The SDG Prospector relies on a new generation of artificial intelligence models. In contrast with approaches using keyword counting, language models interpret words depending on the context from which they originate, and this allow to better understand the complexity of a text.

How does it work?

The SDG Prospector builds upon DistilRoBERTa, a light version of a model first developed by Meta.
  • Step 1

    DistilRoBERTa was pre-trained on millions of texts: it integrates a very diverse vocabulary, and understands the peculiarities of the English language, its conjugation and grammar rules. At this stage, the model was not yet specialized in the recognition of the SDGs.

  • Step 2

    To be able to detect the SDGs in a text, the SDG Prospector needed further training.
    We constructed an expert learning base composed of 9000+ paragraphs related
    to the SDGs.

  • Step 3

    Thanks to its deep neural network, its excellent command of English and the expert learning base, the SDG Prospector automatically learnt to detect whenever a text refers to the 2030 Agenda, and to distinguish the SDGs from one another.

  • Step 4

    After a series of robustness tests and fine-tuning, the SDG Prospector was born.

Importance of the learning base

The accuracy of the SDG Prospector derives directly from the quality of the learning base. Exclusively built by selecting relevant texts manually, our learning base consists of over 9,000 paragraphs related to the SDGs. For each SDG, we collected more
than 500 paragraphs, of maximum 200 words. These were mostly extracted
from specialized UN official documents and completed with texts from other sources.

Besides an exclusion universe teaches the algorithm not to confuse concepts that use the same vocabulary as the SDGs but do not refer to the 2030 Agenda.

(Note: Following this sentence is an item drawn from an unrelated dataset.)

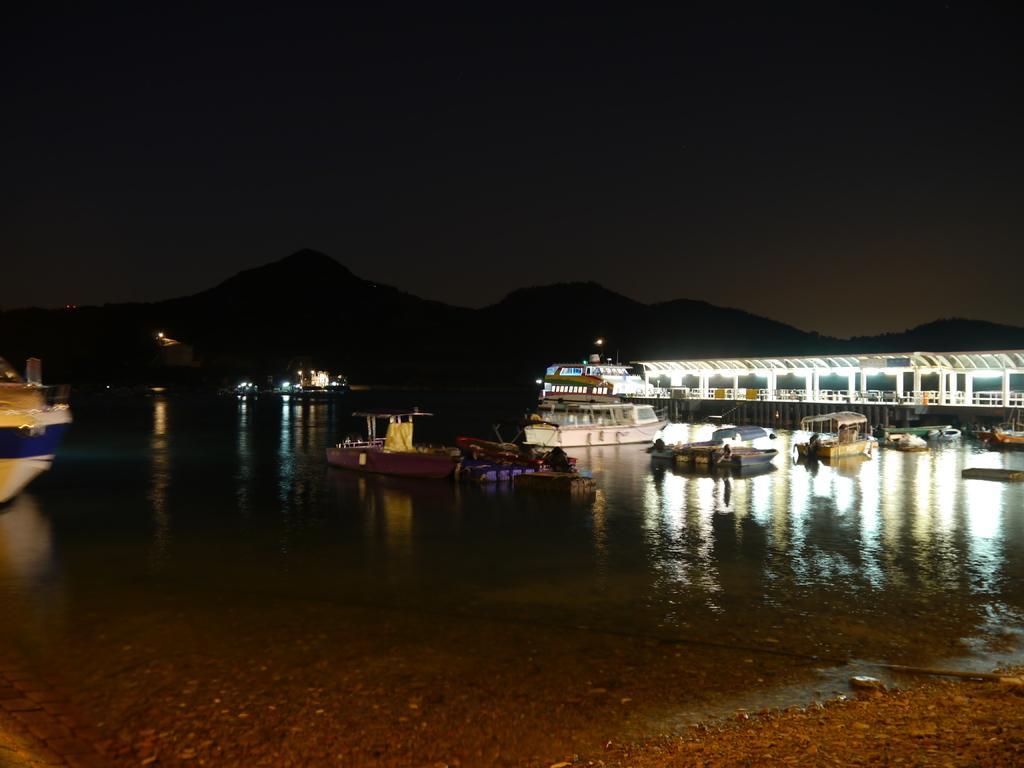How would you summarize this image in a sentence or two? In this picture we can observe water on which there are some boats floating. In the background there are hills and a sky. 
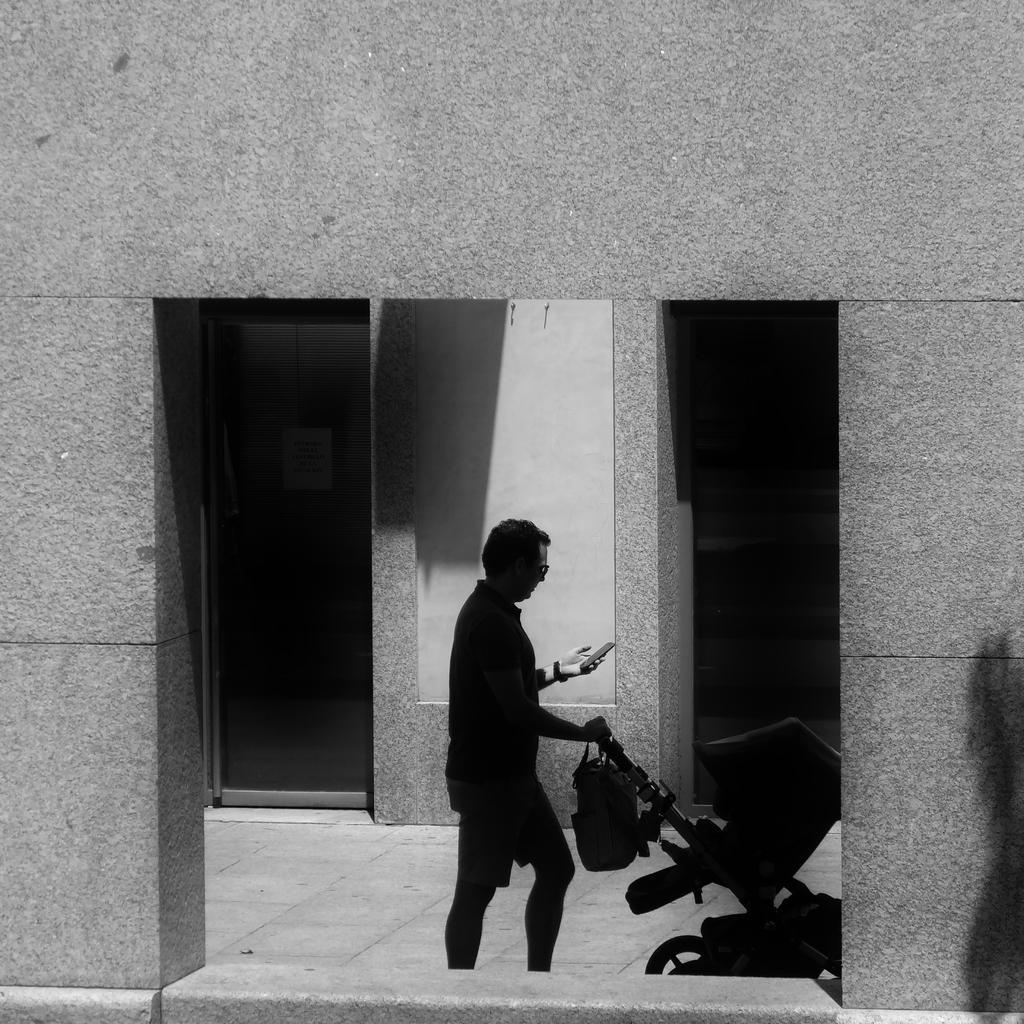Please provide a concise description of this image. This is a black and white image of a person standing and holding a stroller and a mobile, and in the background there is building.

To illustrate, supporting the business climate has nothing to do with the fight against climate change and its impacts.

How does the SDG Prospector analyse documents?

The SDG Prospector builds upon DistilRoBERTa, a light version ofa model first developed by Meta.
  1. The SDG Prospector parses the text in 100-word paragraphs.
  2. It assesses whether each paragraph is related to one, several or no SDG.
  3. It automatically sums up SDG references.
  4. You can view your results in absolute or in relative values, to take into account the length of your document.